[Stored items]
# # # #

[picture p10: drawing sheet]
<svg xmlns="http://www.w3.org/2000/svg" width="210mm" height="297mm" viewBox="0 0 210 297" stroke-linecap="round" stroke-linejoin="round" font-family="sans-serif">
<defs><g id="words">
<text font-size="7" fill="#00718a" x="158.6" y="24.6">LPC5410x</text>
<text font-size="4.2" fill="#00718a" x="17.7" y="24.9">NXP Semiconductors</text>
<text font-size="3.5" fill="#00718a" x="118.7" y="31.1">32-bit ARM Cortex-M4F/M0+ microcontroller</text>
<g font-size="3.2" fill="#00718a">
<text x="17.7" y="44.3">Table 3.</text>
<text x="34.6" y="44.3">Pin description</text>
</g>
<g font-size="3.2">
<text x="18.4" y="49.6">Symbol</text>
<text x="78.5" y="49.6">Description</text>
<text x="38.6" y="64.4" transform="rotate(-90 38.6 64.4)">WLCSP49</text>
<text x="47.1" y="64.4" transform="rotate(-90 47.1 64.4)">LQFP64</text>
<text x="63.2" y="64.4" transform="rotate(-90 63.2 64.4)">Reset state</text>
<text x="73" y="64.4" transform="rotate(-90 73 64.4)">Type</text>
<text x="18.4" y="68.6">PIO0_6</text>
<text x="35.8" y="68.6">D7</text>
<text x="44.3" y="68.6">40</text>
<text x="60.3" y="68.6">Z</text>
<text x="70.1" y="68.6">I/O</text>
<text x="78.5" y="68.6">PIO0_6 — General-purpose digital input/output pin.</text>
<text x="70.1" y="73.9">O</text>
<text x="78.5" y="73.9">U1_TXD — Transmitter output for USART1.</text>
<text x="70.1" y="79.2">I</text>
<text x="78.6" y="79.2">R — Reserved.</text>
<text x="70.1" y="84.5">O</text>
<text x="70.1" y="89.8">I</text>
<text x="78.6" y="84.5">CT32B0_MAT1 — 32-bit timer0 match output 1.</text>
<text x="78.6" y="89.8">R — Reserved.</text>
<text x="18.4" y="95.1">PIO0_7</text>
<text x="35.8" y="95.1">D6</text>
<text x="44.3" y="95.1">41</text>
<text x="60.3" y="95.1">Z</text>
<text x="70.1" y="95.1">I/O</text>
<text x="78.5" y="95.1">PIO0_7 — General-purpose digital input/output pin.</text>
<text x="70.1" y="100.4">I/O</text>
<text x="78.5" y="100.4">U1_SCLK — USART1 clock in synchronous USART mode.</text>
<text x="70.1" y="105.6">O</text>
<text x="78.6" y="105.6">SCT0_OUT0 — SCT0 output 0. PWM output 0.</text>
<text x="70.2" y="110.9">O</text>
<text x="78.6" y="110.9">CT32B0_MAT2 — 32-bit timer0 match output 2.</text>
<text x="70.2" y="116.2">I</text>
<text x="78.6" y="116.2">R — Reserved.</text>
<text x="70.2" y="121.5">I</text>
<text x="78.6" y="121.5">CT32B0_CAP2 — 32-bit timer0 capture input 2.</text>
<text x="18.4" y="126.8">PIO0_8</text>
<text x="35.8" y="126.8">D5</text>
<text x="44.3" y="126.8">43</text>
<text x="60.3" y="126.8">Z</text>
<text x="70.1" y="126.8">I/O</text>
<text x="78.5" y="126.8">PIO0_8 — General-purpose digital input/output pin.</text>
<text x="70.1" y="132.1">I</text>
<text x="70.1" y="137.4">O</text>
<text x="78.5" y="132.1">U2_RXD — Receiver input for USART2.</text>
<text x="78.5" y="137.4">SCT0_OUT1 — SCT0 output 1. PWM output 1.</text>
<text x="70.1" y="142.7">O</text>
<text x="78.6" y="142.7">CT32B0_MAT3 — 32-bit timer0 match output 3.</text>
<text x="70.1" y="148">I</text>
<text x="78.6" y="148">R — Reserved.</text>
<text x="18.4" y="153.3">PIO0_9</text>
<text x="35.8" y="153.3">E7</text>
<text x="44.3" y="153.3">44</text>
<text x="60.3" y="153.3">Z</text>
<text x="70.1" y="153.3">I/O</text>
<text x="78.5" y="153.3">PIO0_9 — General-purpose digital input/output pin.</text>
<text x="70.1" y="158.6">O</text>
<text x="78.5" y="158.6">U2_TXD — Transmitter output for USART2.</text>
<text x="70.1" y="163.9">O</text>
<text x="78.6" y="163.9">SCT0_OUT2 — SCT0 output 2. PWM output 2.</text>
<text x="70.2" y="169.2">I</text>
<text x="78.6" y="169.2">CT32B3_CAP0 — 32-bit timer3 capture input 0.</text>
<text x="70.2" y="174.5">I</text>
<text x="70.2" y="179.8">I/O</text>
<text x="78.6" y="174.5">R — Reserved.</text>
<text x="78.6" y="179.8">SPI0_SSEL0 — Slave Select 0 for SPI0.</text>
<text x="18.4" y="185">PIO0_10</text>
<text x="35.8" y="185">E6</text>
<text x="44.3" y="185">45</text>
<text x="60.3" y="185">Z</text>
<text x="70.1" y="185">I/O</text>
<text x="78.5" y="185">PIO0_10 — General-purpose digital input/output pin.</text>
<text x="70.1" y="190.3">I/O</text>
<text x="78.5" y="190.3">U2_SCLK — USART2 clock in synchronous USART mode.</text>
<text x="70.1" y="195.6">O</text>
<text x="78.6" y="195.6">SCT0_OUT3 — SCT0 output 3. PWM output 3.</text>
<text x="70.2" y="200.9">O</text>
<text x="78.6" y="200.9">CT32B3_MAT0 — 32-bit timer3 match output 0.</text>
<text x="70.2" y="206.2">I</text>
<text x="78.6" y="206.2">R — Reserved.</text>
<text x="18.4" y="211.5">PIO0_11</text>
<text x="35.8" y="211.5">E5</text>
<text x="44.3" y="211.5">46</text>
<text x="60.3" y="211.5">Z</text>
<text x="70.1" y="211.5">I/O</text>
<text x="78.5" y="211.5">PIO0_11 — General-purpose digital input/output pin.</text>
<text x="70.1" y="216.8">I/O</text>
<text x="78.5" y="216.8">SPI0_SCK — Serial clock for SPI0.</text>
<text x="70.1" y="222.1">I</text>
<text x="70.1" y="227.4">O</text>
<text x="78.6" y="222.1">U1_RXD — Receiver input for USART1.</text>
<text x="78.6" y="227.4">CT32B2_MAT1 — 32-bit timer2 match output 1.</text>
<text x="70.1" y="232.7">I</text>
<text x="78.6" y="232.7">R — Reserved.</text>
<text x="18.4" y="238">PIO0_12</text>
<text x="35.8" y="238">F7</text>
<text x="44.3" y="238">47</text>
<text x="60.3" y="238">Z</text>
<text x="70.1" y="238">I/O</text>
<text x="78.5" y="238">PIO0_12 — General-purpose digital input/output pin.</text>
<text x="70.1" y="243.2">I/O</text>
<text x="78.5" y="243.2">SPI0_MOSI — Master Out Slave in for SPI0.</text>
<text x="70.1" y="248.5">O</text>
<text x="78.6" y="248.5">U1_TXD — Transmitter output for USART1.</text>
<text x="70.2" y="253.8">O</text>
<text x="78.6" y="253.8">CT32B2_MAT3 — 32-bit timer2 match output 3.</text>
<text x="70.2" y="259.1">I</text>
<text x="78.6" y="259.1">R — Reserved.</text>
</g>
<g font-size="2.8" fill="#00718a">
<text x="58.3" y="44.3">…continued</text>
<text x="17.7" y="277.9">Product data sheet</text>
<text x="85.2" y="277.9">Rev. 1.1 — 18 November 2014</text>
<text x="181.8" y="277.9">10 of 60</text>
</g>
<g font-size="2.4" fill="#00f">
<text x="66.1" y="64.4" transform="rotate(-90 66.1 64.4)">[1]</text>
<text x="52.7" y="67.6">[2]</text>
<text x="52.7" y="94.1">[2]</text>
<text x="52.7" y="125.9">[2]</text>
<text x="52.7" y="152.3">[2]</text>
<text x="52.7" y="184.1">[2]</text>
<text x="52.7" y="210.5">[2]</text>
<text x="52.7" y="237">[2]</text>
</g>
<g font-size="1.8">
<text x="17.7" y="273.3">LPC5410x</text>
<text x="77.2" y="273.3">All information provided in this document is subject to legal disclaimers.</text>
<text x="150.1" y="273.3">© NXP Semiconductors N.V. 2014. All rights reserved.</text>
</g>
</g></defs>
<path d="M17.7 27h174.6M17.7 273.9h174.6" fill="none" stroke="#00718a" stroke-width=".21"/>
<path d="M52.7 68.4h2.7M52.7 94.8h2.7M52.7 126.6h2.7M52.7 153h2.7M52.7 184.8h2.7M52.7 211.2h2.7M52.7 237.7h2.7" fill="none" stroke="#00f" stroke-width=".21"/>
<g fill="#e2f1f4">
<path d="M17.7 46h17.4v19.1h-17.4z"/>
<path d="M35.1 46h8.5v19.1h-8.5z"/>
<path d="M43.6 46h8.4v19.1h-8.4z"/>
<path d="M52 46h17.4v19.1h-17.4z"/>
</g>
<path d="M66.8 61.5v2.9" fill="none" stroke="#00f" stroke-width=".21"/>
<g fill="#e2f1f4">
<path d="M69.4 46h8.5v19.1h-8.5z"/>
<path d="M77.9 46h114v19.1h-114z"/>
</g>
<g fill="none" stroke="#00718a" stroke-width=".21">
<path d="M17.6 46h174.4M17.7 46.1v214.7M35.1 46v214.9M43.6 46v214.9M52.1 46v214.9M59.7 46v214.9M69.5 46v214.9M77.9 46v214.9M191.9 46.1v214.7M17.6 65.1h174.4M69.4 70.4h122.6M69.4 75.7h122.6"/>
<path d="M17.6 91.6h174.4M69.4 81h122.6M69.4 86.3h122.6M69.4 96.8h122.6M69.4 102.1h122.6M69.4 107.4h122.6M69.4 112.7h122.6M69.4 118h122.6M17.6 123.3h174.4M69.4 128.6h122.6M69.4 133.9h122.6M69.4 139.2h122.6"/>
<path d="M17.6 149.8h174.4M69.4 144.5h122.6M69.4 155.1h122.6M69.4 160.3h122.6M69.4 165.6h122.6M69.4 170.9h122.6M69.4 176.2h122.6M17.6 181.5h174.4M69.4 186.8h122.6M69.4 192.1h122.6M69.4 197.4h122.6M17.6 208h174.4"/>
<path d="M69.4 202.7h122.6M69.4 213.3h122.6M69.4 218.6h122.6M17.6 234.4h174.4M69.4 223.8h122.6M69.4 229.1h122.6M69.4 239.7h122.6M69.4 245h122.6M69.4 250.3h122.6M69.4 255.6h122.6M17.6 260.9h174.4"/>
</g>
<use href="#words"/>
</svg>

# # # #

• [Task item] Which of the lines above carry the string "mode"? Copy every one.

• [Solution to the problem]
<text x="78.5" y="100.4">U1_SCLK — USART1 clock in synchronous USART mode.</text>
<text x="78.5" y="190.3">U2_SCLK — USART2 clock in synchronous USART mode.</text>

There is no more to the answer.